CROTTY: For me at least, a couple of times there’s been artists I have found and I say, I want you to make this type of book. I haven’t given them a story, but for Wai Wai [Pang], I told her, I would love to see this type of style, but in like a mystery or police-type story. Because around that time I had read Black Blizzard, the Yoshihiro Tatsumi book, and I really like how a lot of those old books can have very simple mysteries, that’s kind of like the vibe that I wanted.
And she came up with something [Ed: Ripples, as reviewed by our fearless leader Andy Oliver, pictured above right and below], and it worked out really, really nice. Actually there is one person I’m working with now, also, again I love the cop-and-robber-type-stories! But this person is also doing, well, I gave them a few different ideas of what to do…No no, they came with a few ideas, here’s three or four different ideas — and one of them, I had told them, tell me your ideas, but give me at least one police story. And I really liked the police story, so it’s another police story.
BF: [Laughs]
CROTTY: I feel like without motivation, people don’t want to do a police story any more! But it was always in the old manga stuff, there is, you know, that is like a simple thing, and everybody gets it, and I think that was the thing. I want to have this story be a thing most people can relate to. There’s a reason why they’re really popular in other things, in TV and other books, but I think comic people are so intent on being weird and extreme that they are like, “Oh, I can’t have something as simple as a mystery!” So yeah, the editing, what Olle said a lot of it is just making sure books look nice, but then again we’ll have to have the story stuff. One of the main things that got us into this is that we had a couple of books where we just felt the ending was, you get to the end and it was like, “Is that it? Does it just end like this?” And that is something we wanted to avoid, because you know that feeling where you buy zines at festivals, or books, and the worst thing is when you spend your money and you read a book and it ends and it’s like, this is not an ending.

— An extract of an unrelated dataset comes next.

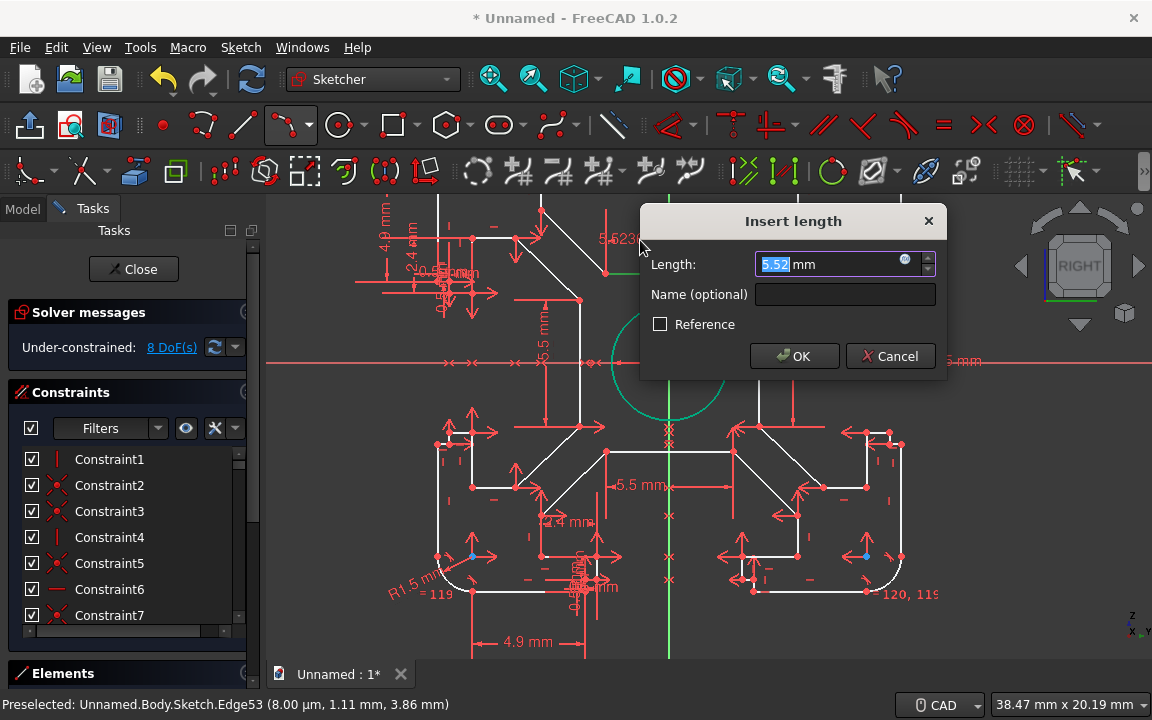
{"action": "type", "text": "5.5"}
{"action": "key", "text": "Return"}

BF: To bring it all back to ELCAF here at the end, what books are you going to be bringing with you, Olle?
FORSSLÖF: We were supposed to have two new books this spring, that were supposed to be debuting at TCAF. And they both did actually, but one of them turned out to be misprinted, so the pages in the middle were in the wrong order. So we’re not selling that any more, and it’s being reprinted! So we have like one new book, which is Angels of Darkness, by Al Gofa. For ELCAF, since last year we have five or six titles that we didn’t have last year. So quite a few new books!
CROTTY: That’s our last festival for the summer, too. We have a few books coming out, actually, this summer, which are not going to be at any festival. The one I was talking about, the cop-and-robber book, it’s like a detective, and a robber, and a lot of food, that’s called Mani, by Diigii Daguna, that is coming out in like a month. And then we’re reprinting Junky, the big artbook we did with Guillaume Singelin. So those will be stocked up for the Fall festivals.